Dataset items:
☆ ☆ ☆ ☆ ☆ ☆ ☆
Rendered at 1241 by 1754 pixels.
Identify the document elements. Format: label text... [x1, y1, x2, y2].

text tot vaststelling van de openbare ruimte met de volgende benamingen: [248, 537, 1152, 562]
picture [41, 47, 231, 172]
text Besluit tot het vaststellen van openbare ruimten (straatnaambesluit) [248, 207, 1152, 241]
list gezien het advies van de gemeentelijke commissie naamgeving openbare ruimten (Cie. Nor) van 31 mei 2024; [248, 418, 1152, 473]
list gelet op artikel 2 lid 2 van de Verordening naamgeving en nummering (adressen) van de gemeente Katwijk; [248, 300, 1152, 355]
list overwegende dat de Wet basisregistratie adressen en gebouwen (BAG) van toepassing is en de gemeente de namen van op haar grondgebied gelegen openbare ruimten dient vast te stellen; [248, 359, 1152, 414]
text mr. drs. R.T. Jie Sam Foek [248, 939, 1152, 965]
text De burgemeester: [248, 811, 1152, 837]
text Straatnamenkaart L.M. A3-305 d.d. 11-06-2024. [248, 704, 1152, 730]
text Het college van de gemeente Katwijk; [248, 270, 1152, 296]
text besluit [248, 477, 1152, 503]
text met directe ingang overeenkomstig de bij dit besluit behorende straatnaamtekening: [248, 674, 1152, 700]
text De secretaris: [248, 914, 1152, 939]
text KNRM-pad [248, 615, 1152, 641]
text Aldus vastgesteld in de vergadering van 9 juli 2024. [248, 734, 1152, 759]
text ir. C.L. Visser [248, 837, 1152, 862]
☆ ☆ ☆ ☆ ☆ ☆ ☆
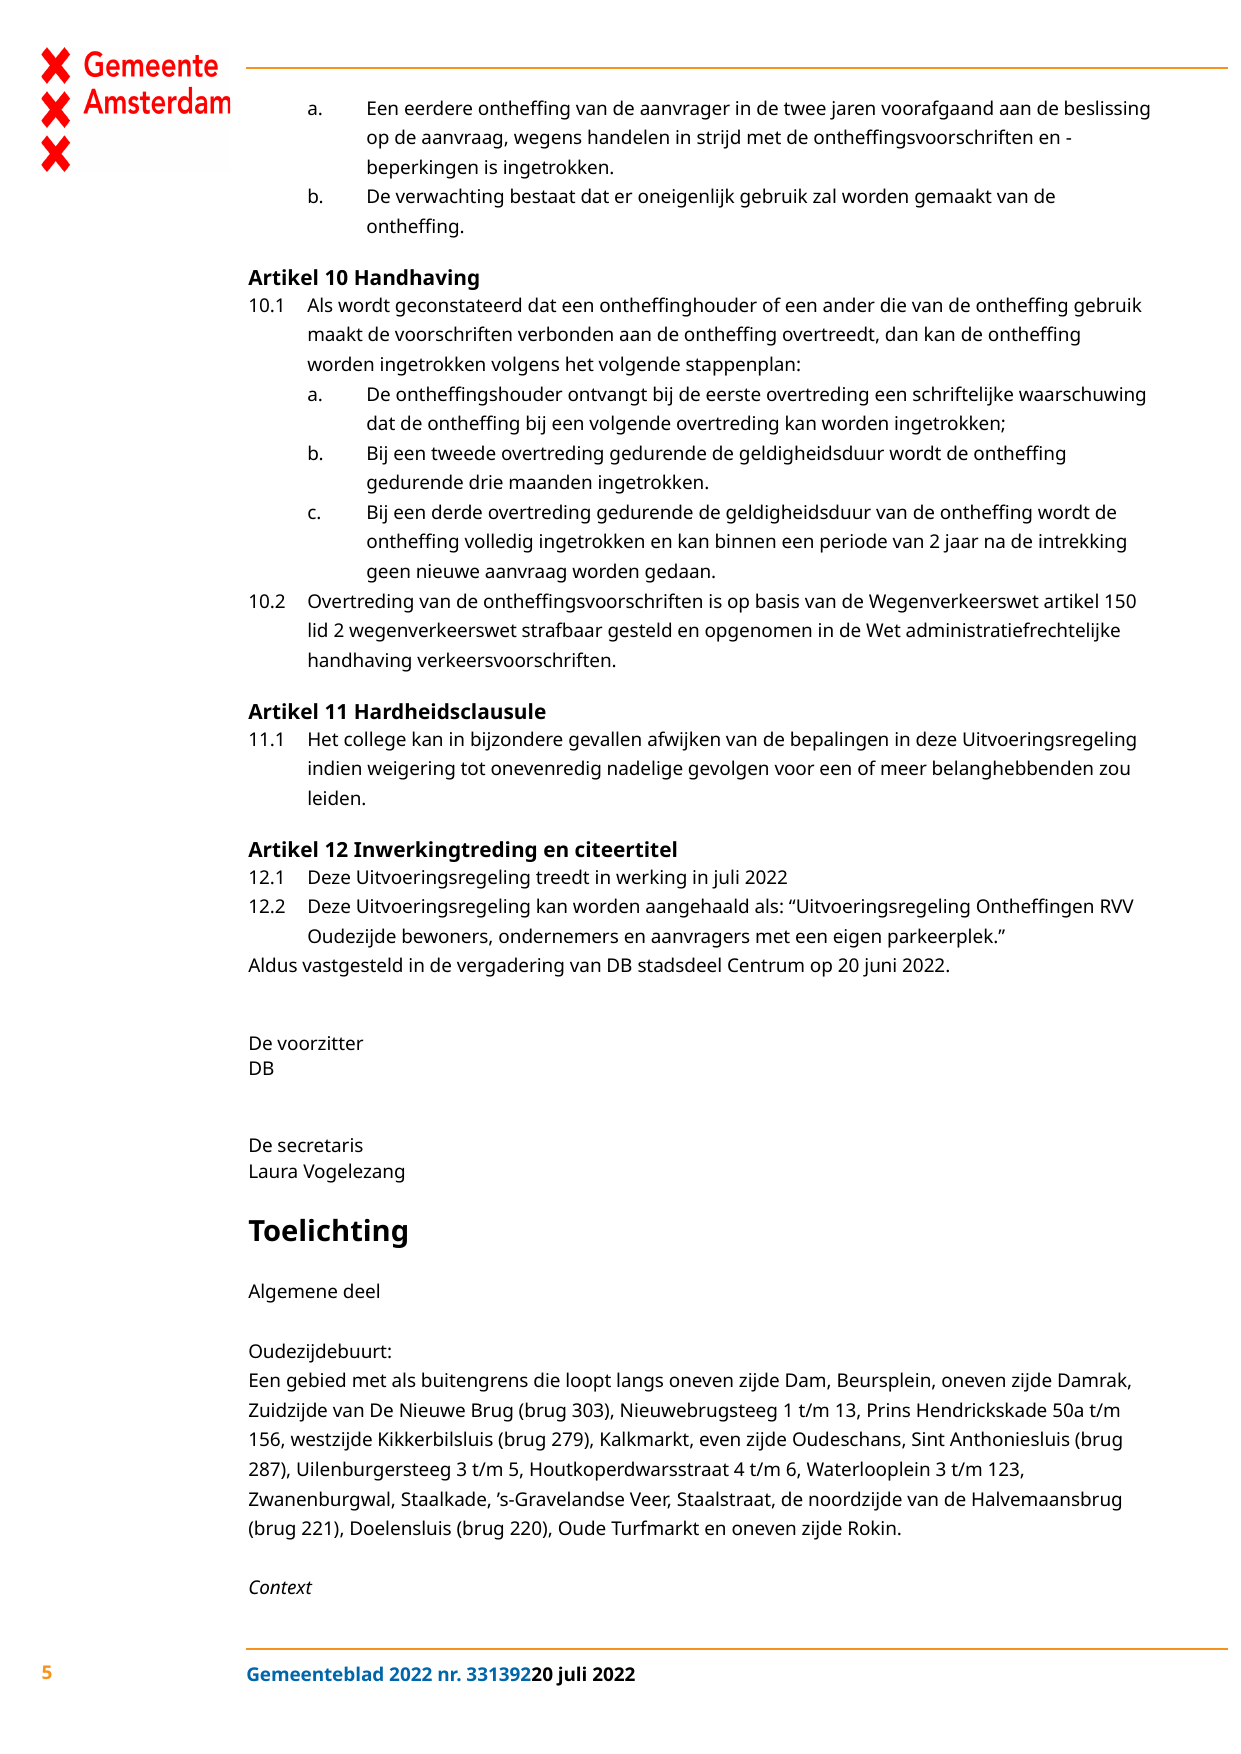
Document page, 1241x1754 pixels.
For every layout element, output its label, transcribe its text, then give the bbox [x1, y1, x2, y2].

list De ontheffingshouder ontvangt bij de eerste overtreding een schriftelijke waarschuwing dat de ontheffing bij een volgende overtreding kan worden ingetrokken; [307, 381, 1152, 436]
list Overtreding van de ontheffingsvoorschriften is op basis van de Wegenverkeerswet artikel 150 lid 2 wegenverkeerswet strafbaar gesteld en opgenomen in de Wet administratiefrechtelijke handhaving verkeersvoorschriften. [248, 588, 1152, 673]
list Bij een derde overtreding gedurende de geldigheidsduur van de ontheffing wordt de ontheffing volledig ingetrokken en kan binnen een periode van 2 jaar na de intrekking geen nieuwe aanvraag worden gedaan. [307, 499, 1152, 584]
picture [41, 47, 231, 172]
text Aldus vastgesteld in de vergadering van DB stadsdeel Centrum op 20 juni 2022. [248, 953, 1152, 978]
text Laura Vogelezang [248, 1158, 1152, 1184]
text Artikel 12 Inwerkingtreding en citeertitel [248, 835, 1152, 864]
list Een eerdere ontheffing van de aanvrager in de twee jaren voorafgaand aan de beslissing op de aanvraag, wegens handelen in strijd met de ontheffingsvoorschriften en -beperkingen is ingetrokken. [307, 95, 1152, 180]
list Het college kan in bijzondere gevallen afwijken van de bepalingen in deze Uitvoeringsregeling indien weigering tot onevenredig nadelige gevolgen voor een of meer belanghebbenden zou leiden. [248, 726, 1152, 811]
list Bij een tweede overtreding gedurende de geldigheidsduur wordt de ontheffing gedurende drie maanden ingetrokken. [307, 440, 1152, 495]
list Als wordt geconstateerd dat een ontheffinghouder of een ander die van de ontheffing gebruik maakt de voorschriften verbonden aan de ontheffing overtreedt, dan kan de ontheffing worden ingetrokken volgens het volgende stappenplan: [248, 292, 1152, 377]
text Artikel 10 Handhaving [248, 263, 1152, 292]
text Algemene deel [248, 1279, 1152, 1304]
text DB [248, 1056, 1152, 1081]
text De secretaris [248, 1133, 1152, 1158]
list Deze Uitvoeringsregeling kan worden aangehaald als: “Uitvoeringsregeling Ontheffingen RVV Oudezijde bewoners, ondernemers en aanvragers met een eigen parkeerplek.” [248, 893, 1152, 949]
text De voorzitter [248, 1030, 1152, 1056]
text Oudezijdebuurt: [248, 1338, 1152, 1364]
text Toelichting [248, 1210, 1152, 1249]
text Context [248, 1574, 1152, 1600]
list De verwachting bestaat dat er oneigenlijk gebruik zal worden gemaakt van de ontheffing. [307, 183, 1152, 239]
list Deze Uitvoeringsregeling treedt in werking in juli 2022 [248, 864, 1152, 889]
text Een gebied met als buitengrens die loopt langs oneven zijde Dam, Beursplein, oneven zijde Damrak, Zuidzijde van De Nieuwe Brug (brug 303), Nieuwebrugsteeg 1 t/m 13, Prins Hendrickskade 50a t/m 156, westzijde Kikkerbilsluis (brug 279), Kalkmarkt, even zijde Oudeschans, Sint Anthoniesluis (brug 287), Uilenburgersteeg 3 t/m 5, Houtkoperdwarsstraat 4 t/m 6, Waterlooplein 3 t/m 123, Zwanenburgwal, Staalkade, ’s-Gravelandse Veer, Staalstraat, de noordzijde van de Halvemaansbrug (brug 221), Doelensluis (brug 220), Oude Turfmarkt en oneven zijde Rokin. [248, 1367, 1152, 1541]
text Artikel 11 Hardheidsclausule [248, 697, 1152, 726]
☆ ☆ ☆ ☆ ☆ ☆ ☆
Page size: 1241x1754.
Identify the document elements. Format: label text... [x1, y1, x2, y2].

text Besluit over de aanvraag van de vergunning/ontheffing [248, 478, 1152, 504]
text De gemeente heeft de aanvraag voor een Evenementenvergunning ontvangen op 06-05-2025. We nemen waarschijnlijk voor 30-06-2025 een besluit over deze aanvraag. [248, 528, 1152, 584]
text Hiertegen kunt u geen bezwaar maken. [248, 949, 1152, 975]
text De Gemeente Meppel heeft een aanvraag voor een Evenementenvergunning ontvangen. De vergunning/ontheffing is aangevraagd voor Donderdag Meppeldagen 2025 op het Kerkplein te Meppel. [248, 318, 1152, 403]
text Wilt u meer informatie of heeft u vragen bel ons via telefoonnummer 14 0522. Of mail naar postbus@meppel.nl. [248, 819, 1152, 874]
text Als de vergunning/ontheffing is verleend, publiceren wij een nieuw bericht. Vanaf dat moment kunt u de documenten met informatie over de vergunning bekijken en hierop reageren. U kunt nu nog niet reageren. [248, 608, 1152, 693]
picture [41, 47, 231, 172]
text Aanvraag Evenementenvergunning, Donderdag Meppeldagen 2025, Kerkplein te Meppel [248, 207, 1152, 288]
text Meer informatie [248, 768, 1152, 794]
☆ ☆ ☆ ☆ ☆ ☆ ☆
Only lines that include "Aldus" belong in the answer; return them from the entries above.

text Aldus vastgesteld in de vergadering van 9 juli 2024. [248, 734, 1152, 759]
text Aldus vastgesteld in de vergadering van DB stadsdeel Centrum op 20 juni 2022. [248, 953, 1152, 978]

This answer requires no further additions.